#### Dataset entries
****
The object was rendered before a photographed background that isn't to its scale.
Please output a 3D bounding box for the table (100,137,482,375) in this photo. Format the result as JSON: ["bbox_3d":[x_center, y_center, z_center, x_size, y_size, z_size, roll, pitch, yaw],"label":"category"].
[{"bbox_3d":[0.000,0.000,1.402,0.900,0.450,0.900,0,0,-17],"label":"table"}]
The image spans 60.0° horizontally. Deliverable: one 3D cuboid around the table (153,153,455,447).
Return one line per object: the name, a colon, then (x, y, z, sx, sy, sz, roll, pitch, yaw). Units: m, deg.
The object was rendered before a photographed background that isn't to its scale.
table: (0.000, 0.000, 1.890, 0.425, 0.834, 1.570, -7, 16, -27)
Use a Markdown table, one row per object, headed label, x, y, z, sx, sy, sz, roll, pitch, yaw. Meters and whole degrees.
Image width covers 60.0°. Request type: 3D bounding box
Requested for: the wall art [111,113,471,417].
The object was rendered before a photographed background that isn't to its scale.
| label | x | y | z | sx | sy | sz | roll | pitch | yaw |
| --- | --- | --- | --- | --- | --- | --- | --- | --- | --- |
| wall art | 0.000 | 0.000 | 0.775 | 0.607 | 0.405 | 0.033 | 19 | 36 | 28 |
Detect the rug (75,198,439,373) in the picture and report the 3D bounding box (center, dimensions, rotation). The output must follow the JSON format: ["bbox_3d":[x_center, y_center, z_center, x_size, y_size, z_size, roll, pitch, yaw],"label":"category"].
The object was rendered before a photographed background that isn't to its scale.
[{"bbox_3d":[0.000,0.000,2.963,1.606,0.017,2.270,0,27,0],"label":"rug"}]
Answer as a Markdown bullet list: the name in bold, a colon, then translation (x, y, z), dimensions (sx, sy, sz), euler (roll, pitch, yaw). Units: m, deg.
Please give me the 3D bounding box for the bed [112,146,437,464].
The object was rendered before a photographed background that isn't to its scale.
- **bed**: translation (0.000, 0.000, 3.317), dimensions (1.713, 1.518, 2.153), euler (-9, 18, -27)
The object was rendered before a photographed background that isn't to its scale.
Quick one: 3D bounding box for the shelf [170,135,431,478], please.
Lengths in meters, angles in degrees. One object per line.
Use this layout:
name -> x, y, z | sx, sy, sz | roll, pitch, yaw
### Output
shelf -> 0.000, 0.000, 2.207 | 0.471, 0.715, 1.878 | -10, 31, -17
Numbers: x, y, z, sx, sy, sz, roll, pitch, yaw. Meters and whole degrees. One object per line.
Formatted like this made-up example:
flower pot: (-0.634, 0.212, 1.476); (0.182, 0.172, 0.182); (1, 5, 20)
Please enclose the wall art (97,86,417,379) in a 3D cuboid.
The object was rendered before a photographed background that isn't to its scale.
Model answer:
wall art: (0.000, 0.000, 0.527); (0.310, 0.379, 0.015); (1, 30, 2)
****
#### WHAT THE TASK REQUIRES
Find the string "colon" in the lines above and count those lines. Give only that count.

#### REPLY
2